Uno de los textos fundacionales del blog. Que lo disfruteis.

 

Acomodada en la butaca he terminado reconociendo que el cine es un verdadero acto de vampirismo a la manera en que se mostró en Arrebato o El fotógrafo del pánico. La cámara parece captar algo más que la imagen y, como en muchas culturas reconocen, parece robar el alma de los retratados. El caso es que los directores, los primeros espectadores de lo rodado, han llegado a realizar verdaderas declaraciones de amor a sus actrices -o, según el caso, a sus actores-, haciendo que, gustase más o menos el encanto de las filmadas, nos conquistasen con muy poco: un movimiento de cabeza o una simple mirada.

Me fascinó siempre la manera en que Kieslowski mostró a la actriz Irene Jacob. En Rojo, pero sobre todo en La doble vida de Verónica, la dotaba de una sensibilidad y una gran intuición que le hacían pensar que no estaba sola en el mundo. Nos ofrecía unos unos planos magistrales de la intérprete con los que era imposible no pensar que en esos momentos el director realizaba un verdadero acto de adoración a su musa.

Truffaut fue uno de los que más se rindió al encanto de sus actrices. Su alma fetichista, quiza en menor o mayor medida como la de todo cinéfilo de pró, le llevó a realizar en películas como Vivamente domingo incalculables rendiciones al encanto de Fanny Ardant, que se convertiría en su pareja sentimental. Godard también lo haría con Anna Karina, tan irresistible en Vivir su vida, captándola en toda su magnitud y siguiendo cada uno de sus movimientos con sincera devoción.

Luchino Visconti hizo lo propio con su moreno objeto de deseo antes de que éste se convirtiera en uno rubio: Helmut Berger. El oscuro adorado era Alain Delon, que nunca estuvo tan atractivo como cuando el italiano le filmó en Rocco y sus hermanos. Un plano lo decía todo: aquel en el que se duchaba junto a su bruto hermano en el gimnasio de boxeo y tras aparecer en escena un empresario con intenciones poco claras se nos ofrecía un primer plano de su bellísimo rostro. Inigualable.
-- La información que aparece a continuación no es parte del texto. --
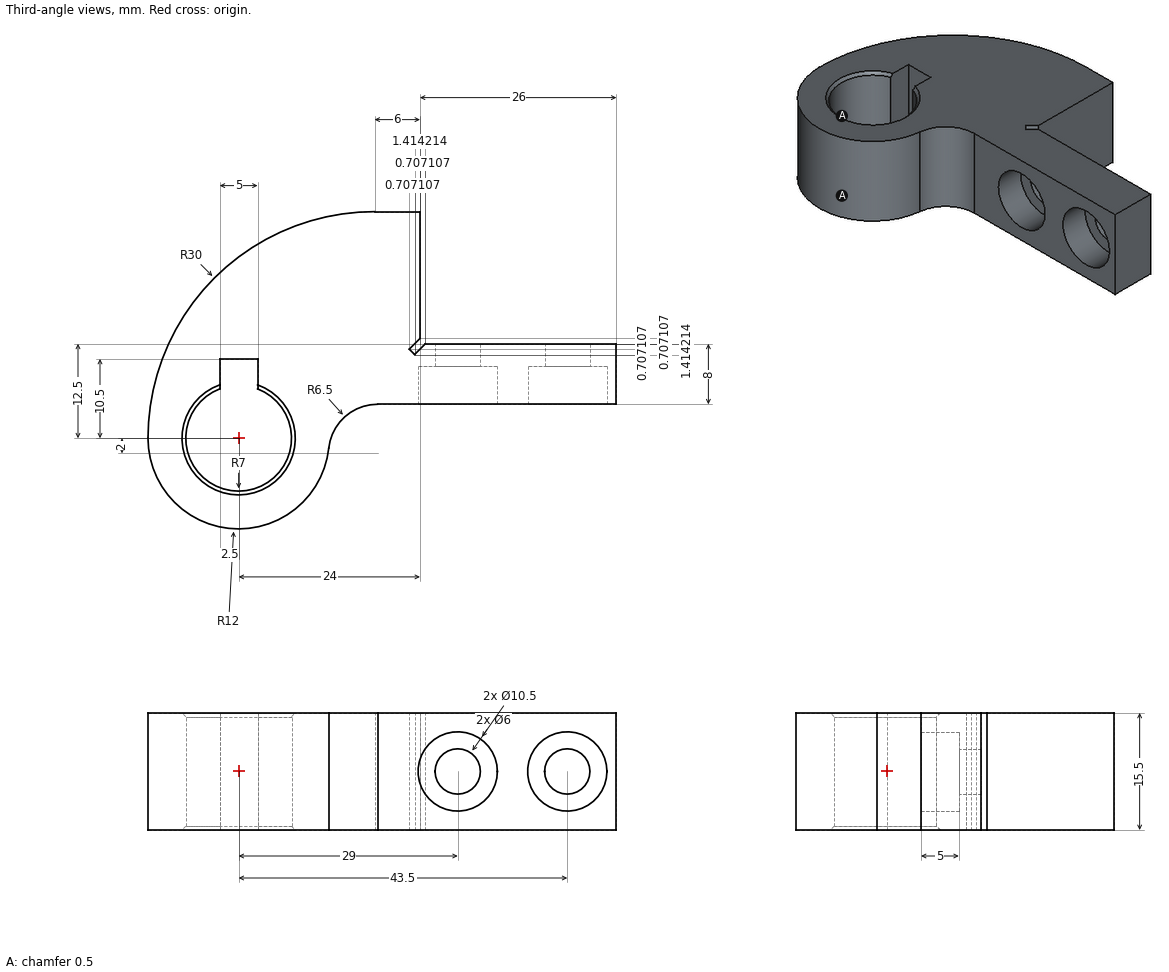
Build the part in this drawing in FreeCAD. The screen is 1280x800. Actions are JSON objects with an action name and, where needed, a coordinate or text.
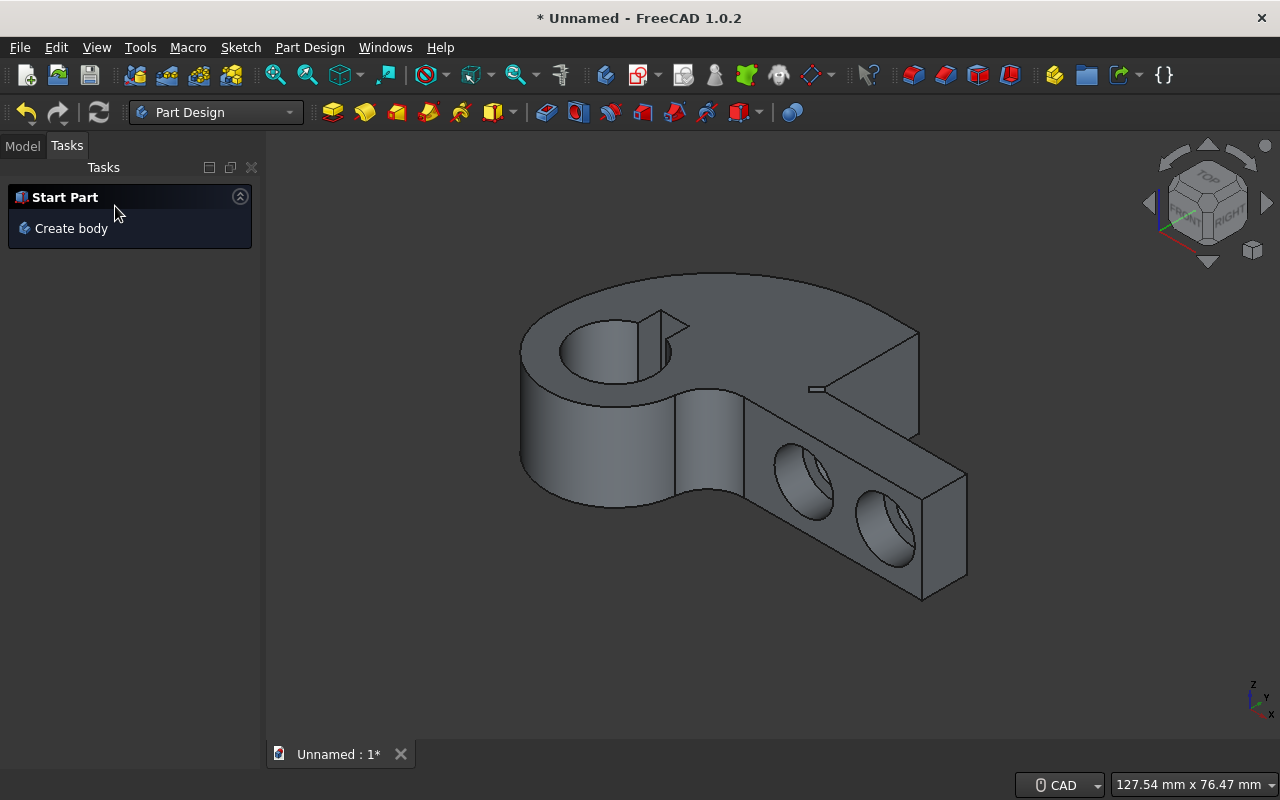
{"action": "left_click", "coordinate": [563, 341]}

Los directores realizan para el espectador el trabajo sucio de robar almas. Son los creadores de mitologías, los que sirven en bandeja a ese maravilloso conjunto de seres que nos hacen soñar con que el cine, más que pura evasión, es un catálogo de momentos vitales irresistibles. También un analgésico que nos cura contra toda su fealdad y nos recuerda, al contrario que esa figura que todo emperador romano llevaba en su cuadriga, que podemos ser inmortales. Jacob, Ardant y tantas otras lo consiguieron. Fue por obra y gracia de ese director que supo amarlas.